An article in the Feb. 23 edition, “CSU weighs fee hike,” mistakenly paraphrased comments by CSUDH spokeswoman Amy Bentley-Smith. The article incorrectly stated that she said the university’s first priority is to advocate in favor of the fee increase by supporting state lawmakers’ plans for the CSU budget. In fact, Bentley-Smith said the university supports lawmakers fully funding the CSUDH budget request, and, if they did, there would be no need for a fee increase.

Cal State Chancellor, Timothy P. White has proposed a fee increase of about 5% that would take tuition from $5,472 to $5,742 to mitigate the lack of state funding for the CSU school system.
According to Amy Bentley-Smith, CSUDH communications and public affairs director, the university’s first priority is to advocate in favor of the fee increase by supporting state lawmakers plans’ for the CSU budget.
Bentley-Smith said, the proposed tuition increase would not exceed $270 a unit for resident undergraduates and could generate $77.5 million in additional net revenue to the CSU system.
The objective of the fee increase, according to the California State University website, is to graduate students faster by hiring more faculty and advisors and providing more classes.
CSUDH students, however are dissatisfied with the results of these goals. Angel Ramirez, 22, a molecular biology major, said, “I just find it outrageous that the Board of Trustees continues to push for a spike in our tuition, but there are no changes in our campus.”

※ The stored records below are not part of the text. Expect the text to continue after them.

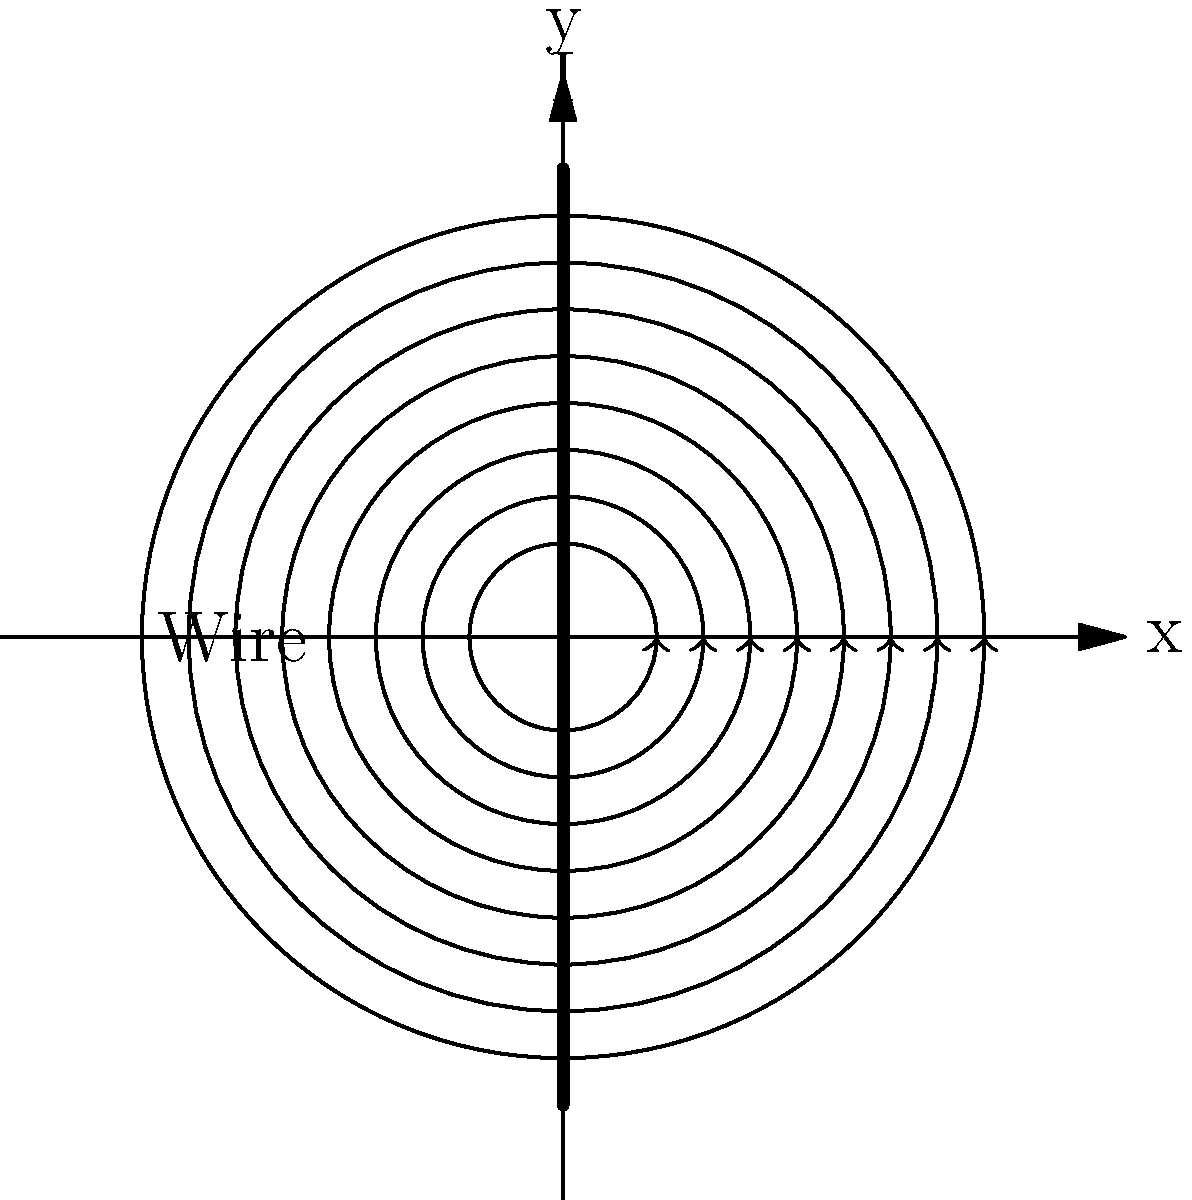As a fact-checker at Global Press Journal, you're reviewing an article about electromagnetic fields. The image shows magnetic field lines around a current-carrying wire. According to the right-hand rule, in which direction is the current flowing through the wire? To determine the direction of current flow, we can use the right-hand rule for a straight current-carrying wire. Here's a step-by-step explanation:

1. Observe the magnetic field lines:
   - The field lines are concentric circles around the wire.
   - The arrows on the field lines indicate a counterclockwise direction when viewed from above.

2. Apply the right-hand rule:
   - Imagine grabbing the wire with your right hand.
   - Orient your thumb along the wire in the direction of current flow.
   - Curl your fingers around the wire.

3. Match the finger curl to the field lines:
   - The curl of your fingers should match the direction of the magnetic field lines.
   - In this case, your fingers should curl counterclockwise when viewed from above.

4. Determine the thumb direction:
   - For your fingers to curl counterclockwise, your thumb must point upwards.

5. Conclude the current direction:
   - Since your thumb represents the current direction, the current must be flowing upwards in the wire.

Therefore, based on the counterclockwise magnetic field lines and the right-hand rule, the current is flowing upwards through the wire.
Answer: Upward 
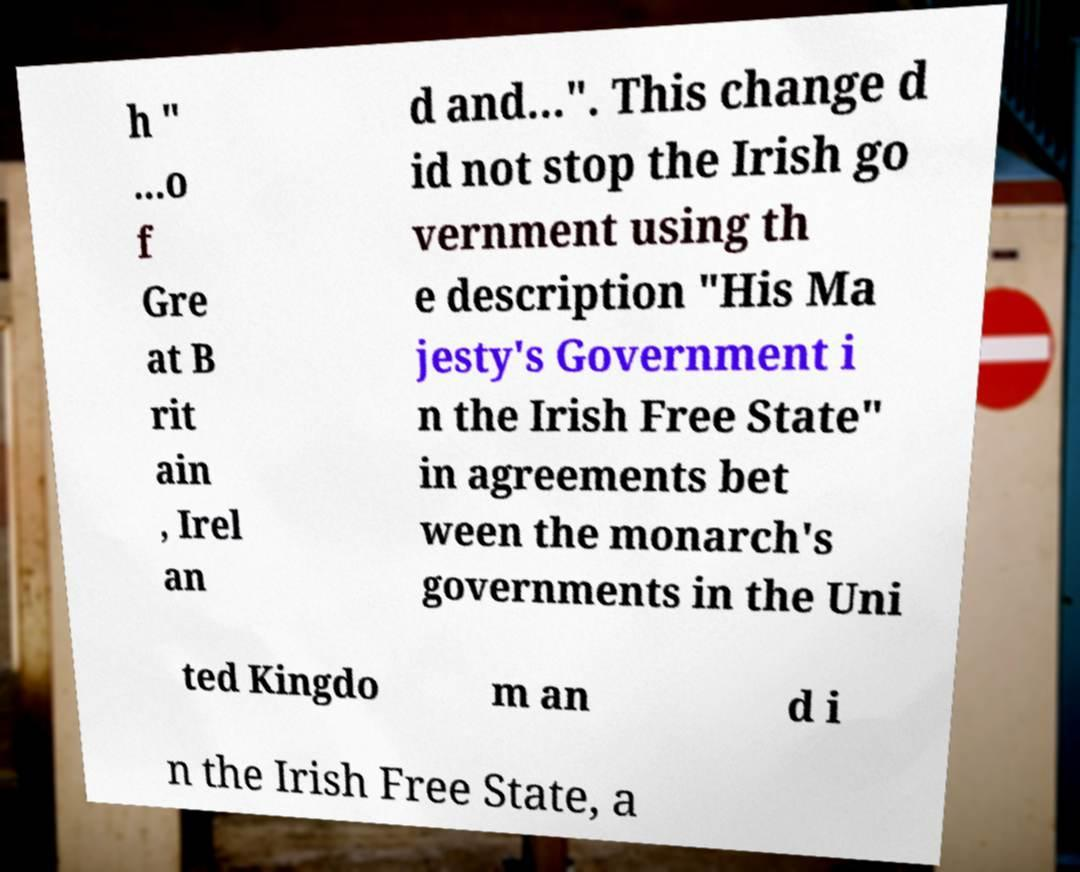For documentation purposes, I need the text within this image transcribed. Could you provide that? h " ...o f Gre at B rit ain , Irel an d and...". This change d id not stop the Irish go vernment using th e description "His Ma jesty's Government i n the Irish Free State" in agreements bet ween the monarch's governments in the Uni ted Kingdo m an d i n the Irish Free State, a 
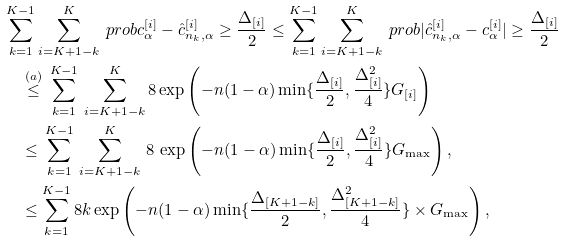Convert formula to latex. <formula><loc_0><loc_0><loc_500><loc_500>& \sum _ { k = 1 } ^ { K - 1 } \sum _ { i = K + 1 - k } ^ { K } \ p r o b { c ^ { [ i ] } _ { \alpha } - \hat { c } ^ { [ i ] } _ { { n _ { k } } , \alpha } \geq \frac { \Delta _ { [ i ] } } { 2 } } \leq \sum _ { k = 1 } ^ { K - 1 } \sum _ { i = K + 1 - k } ^ { K } \ p r o b { | \hat { c } ^ { [ i ] } _ { { n _ { k } } , \alpha } - c ^ { [ i ] } _ { \alpha } | \geq \frac { \Delta _ { [ i ] } } { 2 } } \\ & \quad \overset { ( a ) } { \leq } \, \sum _ { k = 1 } ^ { K - 1 } \, \sum _ { i = K + 1 - k } ^ { K } 8 \exp \left ( - n ( 1 - \alpha ) \min \{ \frac { \Delta _ { [ i ] } } { 2 } , \frac { \Delta _ { [ i ] } ^ { 2 } } { 4 } \} G _ { [ i ] } \right ) \\ & \quad \leq \, \sum _ { k = 1 } ^ { K - 1 } \, \sum _ { i = K + 1 - k } ^ { K } \, 8 \, \exp \left ( - n ( 1 - \alpha ) \min \{ \frac { \Delta _ { [ i ] } } { 2 } , \frac { \Delta _ { [ i ] } ^ { 2 } } { 4 } \} G _ { \max } \right ) , \\ & \quad \leq \sum _ { k = 1 } ^ { K - 1 } 8 k \exp \left ( - n ( 1 - \alpha ) \min \{ \frac { \Delta _ { [ K + 1 - k ] } } { 2 } , \frac { \Delta _ { [ K + 1 - k ] } ^ { 2 } } { 4 } \} \times G _ { \max } \right ) ,</formula> 
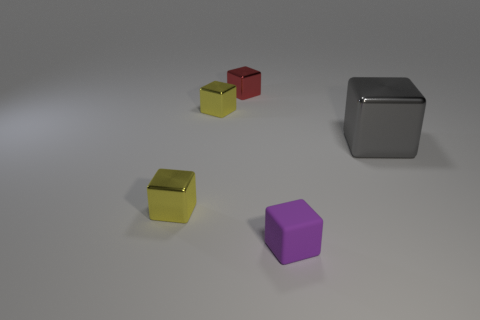Subtract 2 blocks. How many blocks are left? 3 Subtract all large gray blocks. How many blocks are left? 4 Subtract all gray cubes. How many cubes are left? 4 Subtract all green blocks. Subtract all gray cylinders. How many blocks are left? 5 Add 5 tiny metal cubes. How many objects exist? 10 Subtract 0 brown spheres. How many objects are left? 5 Subtract all tiny yellow things. Subtract all gray shiny things. How many objects are left? 2 Add 3 metal things. How many metal things are left? 7 Add 4 green objects. How many green objects exist? 4 
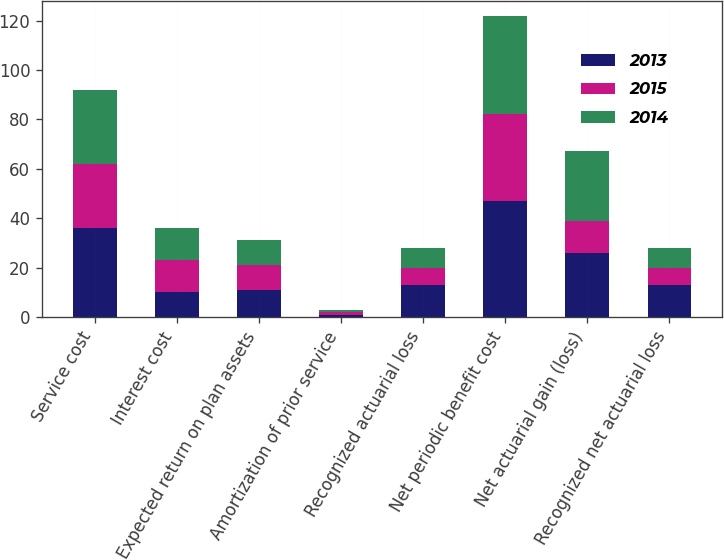Convert chart to OTSL. <chart><loc_0><loc_0><loc_500><loc_500><stacked_bar_chart><ecel><fcel>Service cost<fcel>Interest cost<fcel>Expected return on plan assets<fcel>Amortization of prior service<fcel>Recognized actuarial loss<fcel>Net periodic benefit cost<fcel>Net actuarial gain (loss)<fcel>Recognized net actuarial loss<nl><fcel>2013<fcel>36<fcel>10<fcel>11<fcel>1<fcel>13<fcel>47<fcel>26<fcel>13<nl><fcel>2015<fcel>26<fcel>13<fcel>10<fcel>1<fcel>7<fcel>35<fcel>13<fcel>7<nl><fcel>2014<fcel>30<fcel>13<fcel>10<fcel>1<fcel>8<fcel>40<fcel>28<fcel>8<nl></chart> 
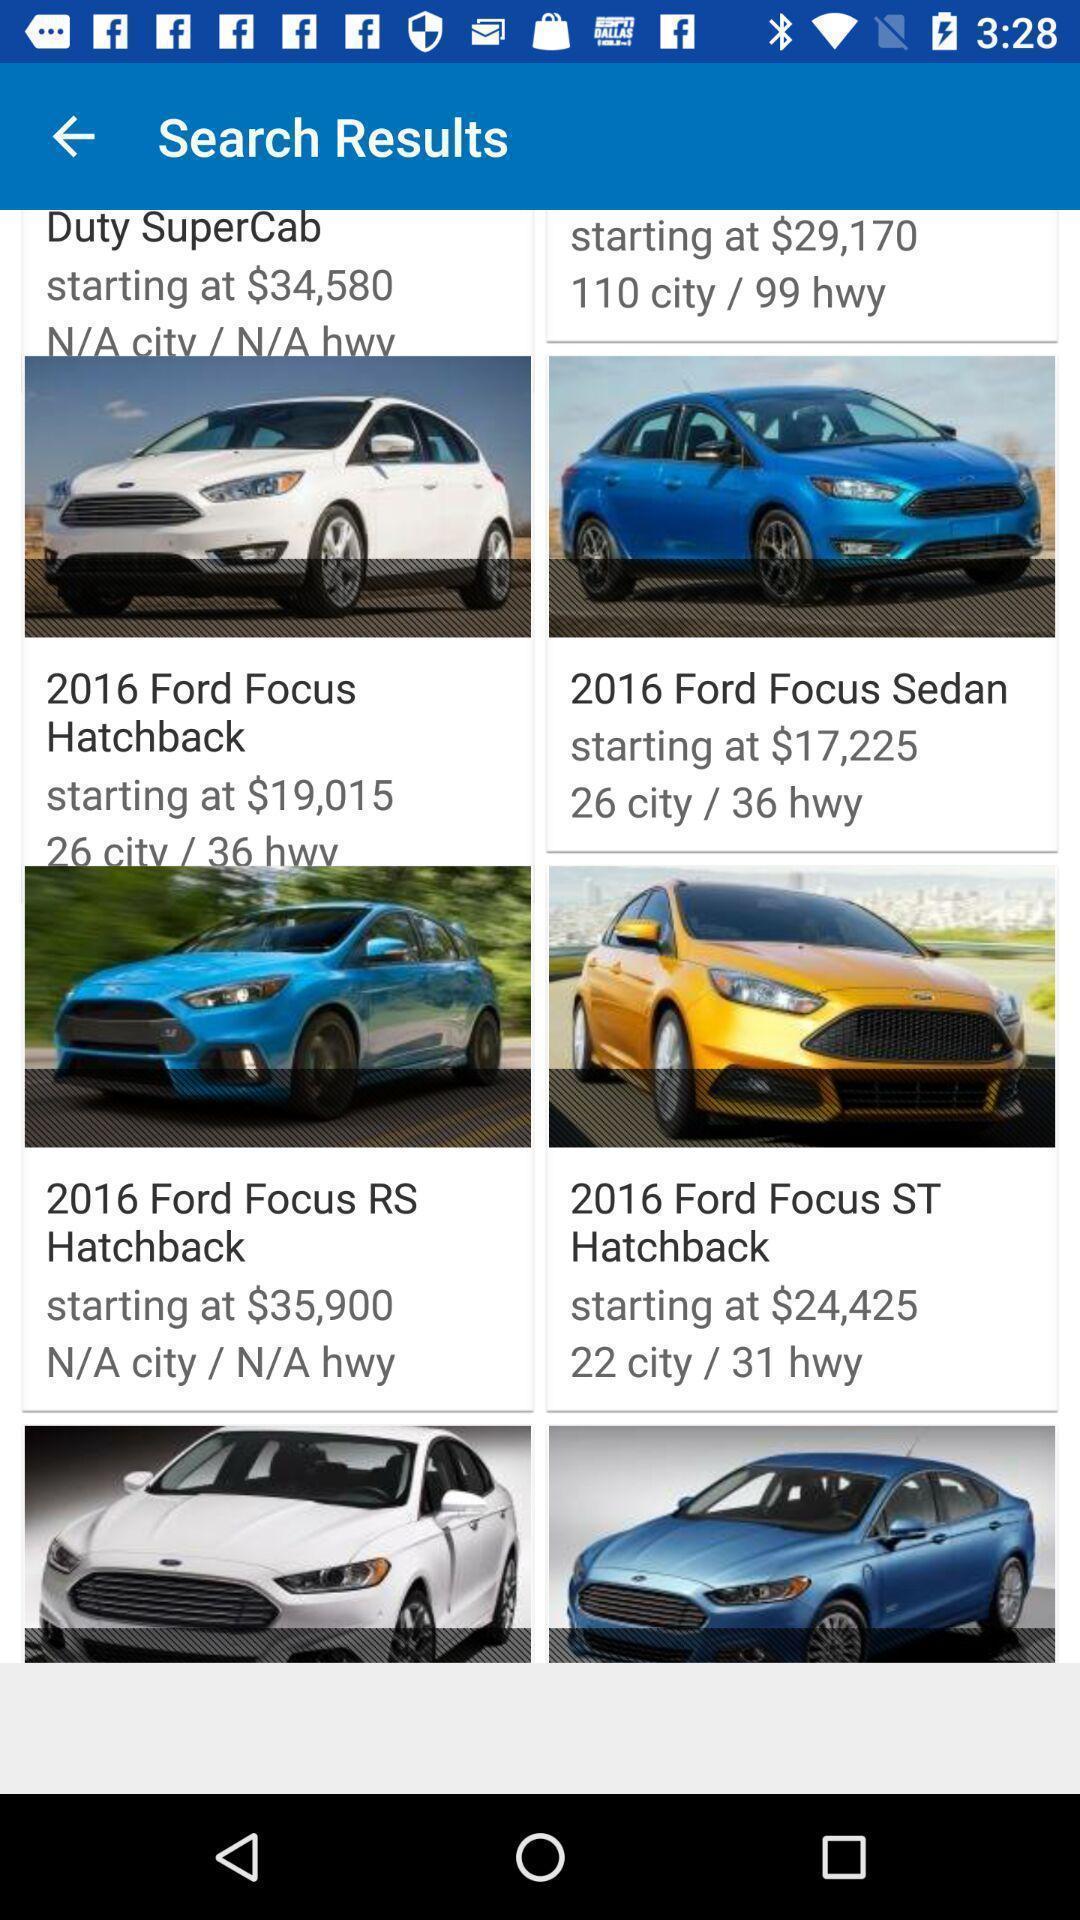Describe the content in this image. Page showing search results for ford focus. 
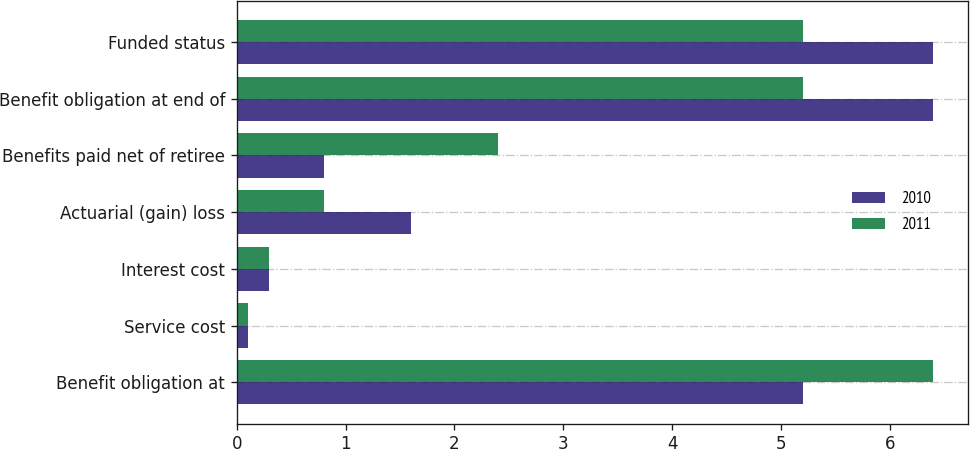<chart> <loc_0><loc_0><loc_500><loc_500><stacked_bar_chart><ecel><fcel>Benefit obligation at<fcel>Service cost<fcel>Interest cost<fcel>Actuarial (gain) loss<fcel>Benefits paid net of retiree<fcel>Benefit obligation at end of<fcel>Funded status<nl><fcel>2010<fcel>5.2<fcel>0.1<fcel>0.3<fcel>1.6<fcel>0.8<fcel>6.4<fcel>6.4<nl><fcel>2011<fcel>6.4<fcel>0.1<fcel>0.3<fcel>0.8<fcel>2.4<fcel>5.2<fcel>5.2<nl></chart> 
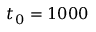Convert formula to latex. <formula><loc_0><loc_0><loc_500><loc_500>t _ { 0 } = 1 0 0 0</formula> 
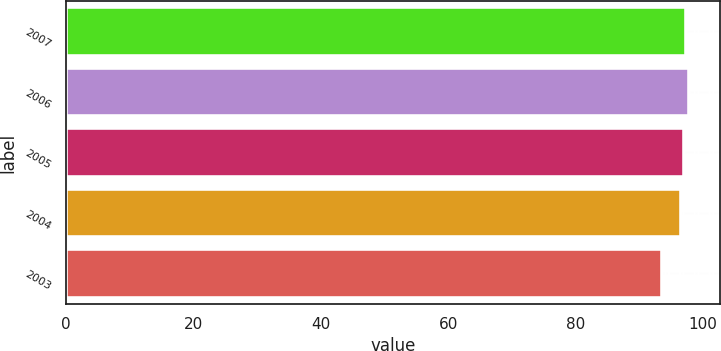Convert chart. <chart><loc_0><loc_0><loc_500><loc_500><bar_chart><fcel>2007<fcel>2006<fcel>2005<fcel>2004<fcel>2003<nl><fcel>97.38<fcel>97.76<fcel>97<fcel>96.5<fcel>93.6<nl></chart> 
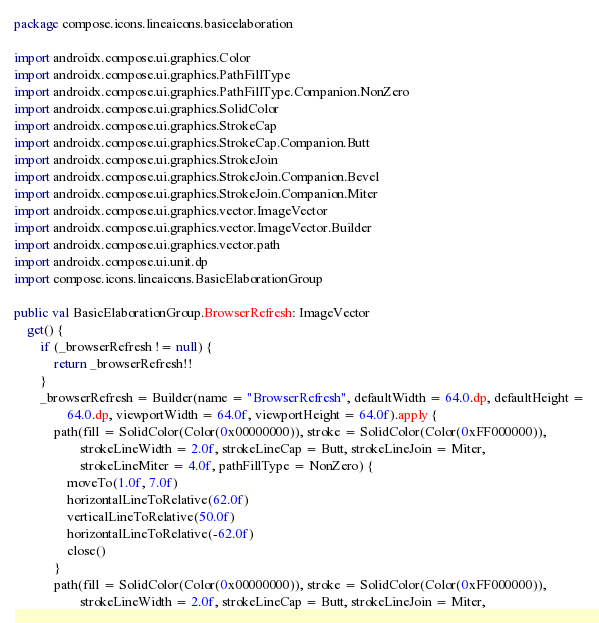<code> <loc_0><loc_0><loc_500><loc_500><_Kotlin_>package compose.icons.lineaicons.basicelaboration

import androidx.compose.ui.graphics.Color
import androidx.compose.ui.graphics.PathFillType
import androidx.compose.ui.graphics.PathFillType.Companion.NonZero
import androidx.compose.ui.graphics.SolidColor
import androidx.compose.ui.graphics.StrokeCap
import androidx.compose.ui.graphics.StrokeCap.Companion.Butt
import androidx.compose.ui.graphics.StrokeJoin
import androidx.compose.ui.graphics.StrokeJoin.Companion.Bevel
import androidx.compose.ui.graphics.StrokeJoin.Companion.Miter
import androidx.compose.ui.graphics.vector.ImageVector
import androidx.compose.ui.graphics.vector.ImageVector.Builder
import androidx.compose.ui.graphics.vector.path
import androidx.compose.ui.unit.dp
import compose.icons.lineaicons.BasicElaborationGroup

public val BasicElaborationGroup.BrowserRefresh: ImageVector
    get() {
        if (_browserRefresh != null) {
            return _browserRefresh!!
        }
        _browserRefresh = Builder(name = "BrowserRefresh", defaultWidth = 64.0.dp, defaultHeight =
                64.0.dp, viewportWidth = 64.0f, viewportHeight = 64.0f).apply {
            path(fill = SolidColor(Color(0x00000000)), stroke = SolidColor(Color(0xFF000000)),
                    strokeLineWidth = 2.0f, strokeLineCap = Butt, strokeLineJoin = Miter,
                    strokeLineMiter = 4.0f, pathFillType = NonZero) {
                moveTo(1.0f, 7.0f)
                horizontalLineToRelative(62.0f)
                verticalLineToRelative(50.0f)
                horizontalLineToRelative(-62.0f)
                close()
            }
            path(fill = SolidColor(Color(0x00000000)), stroke = SolidColor(Color(0xFF000000)),
                    strokeLineWidth = 2.0f, strokeLineCap = Butt, strokeLineJoin = Miter,</code> 
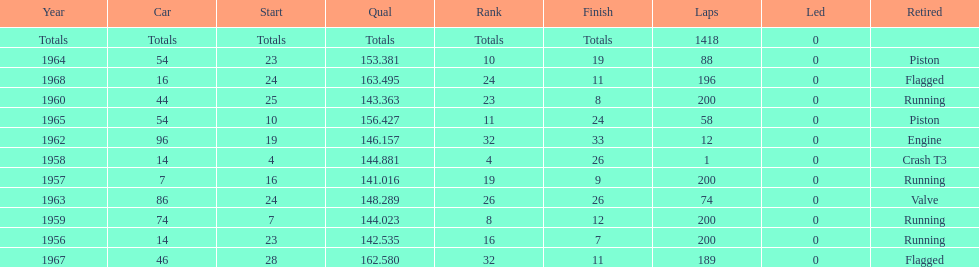What was the last year that it finished the race? 1968.

Ramirez is a first-time freshman on his fifth year of school and has never received any type of financial aid or grants, but is $40,000 in debt. He has to complete one more year before he can graduate and has become another first-time freshman at CSUDH, who on average take 5.8 years to graduate, according to Pete Hamersveld, Associate Director of Institutional Research for CSUDH.
The current graduation rate for full-time CSUDH students who started in fall 2010 as first-time freshmen is 42.4% and graduated within six years, Hamersveld said.
Bentley-Smith said CSUDH currently has a multi-year plan to close the budget deficit using existing allocation. The fee increase, which will create additional revenue for the university will help create a stable budget allowing the administration to hire more faculty. It will also offer more courses and more academic and student support services, Bentley-Smith said.
ASI President Jordan Sylvestre said students are against the tuition increse.
“The official stand of the school,” he said, “is not the official stand of the students, which is two different things.”
Ramirez said, “From what I’ve heard, the money we are paying is not being evenly distributed.” He added, “administration seems to take a huge portion of that, so a question I ask myself is, are they going to receive 5% increase in their paychecks?”